China  has been credited as a key player in the positive forecast with the  country's strong manufacturing sector contributing to Australian  commodity prices, notably that of iron ore, being higher than forecast.

 

Australian  Treasurer Scott Morrison on Monday released the Mid-Year Economic and  Fiscal Outlook (MYEFO), detailing new cuts to welfare and higher  education.

 

Morrison  said that strong commodity prices in 2017 and higher-than-forecasted  company profits resulted in more tax being paid in Australia than  expected, raising the projected 2021 surplus to $7.8 billion, up $2.06  billion from projections in the May budget.

 

The  May budget made its forecasts based on an average iron ore price of $55  per metric ton but it has risen to as high as $80 per ton in the seven  months since and currently sits at 70.

 

That  alone has poured an extra $2.2 billion into Australia's economy.  Despite the upturn, the Treasury department again forecast an average  iron ore price of $55 per ton, indicating they expect prices to  moderate.

 

The  deficit for 2017-18 has been reduced to $18.07 billion, Morrison said,  and will be slashed to $1.9 billion in 2019-20 before reaching surplus  the following year.

 

The country has also benefited from the highest jobs growth in decades meaning fewer people were receiving welfare payments.

 

Mathias  Cormann, Australia's Finance Minister, said the result was so good that  the government could stop borrowing money to fund day-to-day business.

 

"That's a year earlier than anticipated at the time of the budget," Cormann told reporters in Canberra on Monday.

 

"It will be the first time since the global financial crisis."

 

The report also highlighted lower than expected spending as a key reason for the improvement.

 

"We had much lower-than-expected consumption growth in the September quarter, just 0.1 percent," Morrison said.

 

"There  was, rightly, a lot of concern about what was happening with household  living costs, particularly energy prices. That's why the National Energy  Guarantee (NEG) and other measures have been put in place.
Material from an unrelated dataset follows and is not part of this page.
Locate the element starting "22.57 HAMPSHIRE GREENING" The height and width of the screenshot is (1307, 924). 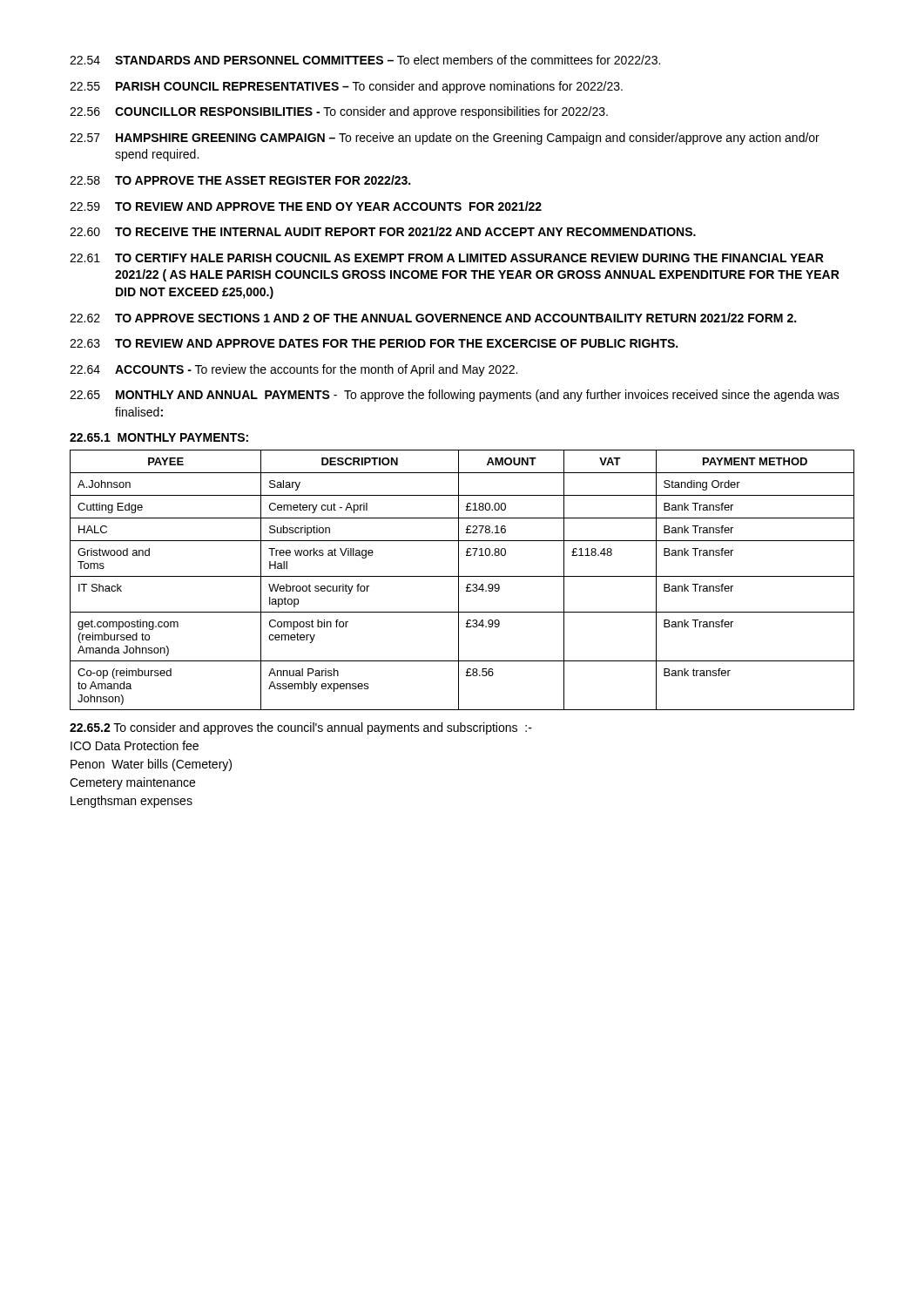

We would  hope to see better consumption figures going forward."

 

That  fall in consumer spending was responsible for expected Gross Domestic  Product (GDP) growth in 2017-18 to be revised down from 2.75 percent to  2.5 percent.

 

GDP growth is projected to rise back to 3 percent in 2018-19 and remain steady until 2020-21 at the earliest.

 

Morrison and Cormann also unveiled a series of cuts on Monday, including $1.6 billion' worth to the university sector.

 

The  criteria that newly-settled immigrants have to tick before they are  eligible for welfare payments have also been expanded, a measure the  government said would save $920 million over four years.

 

The  report was published as the Australian Taxation Office (ATO) revealed  plans to pursue multinationals who pay no tax in Australia after it was  revealed that more than a third of them do not do so.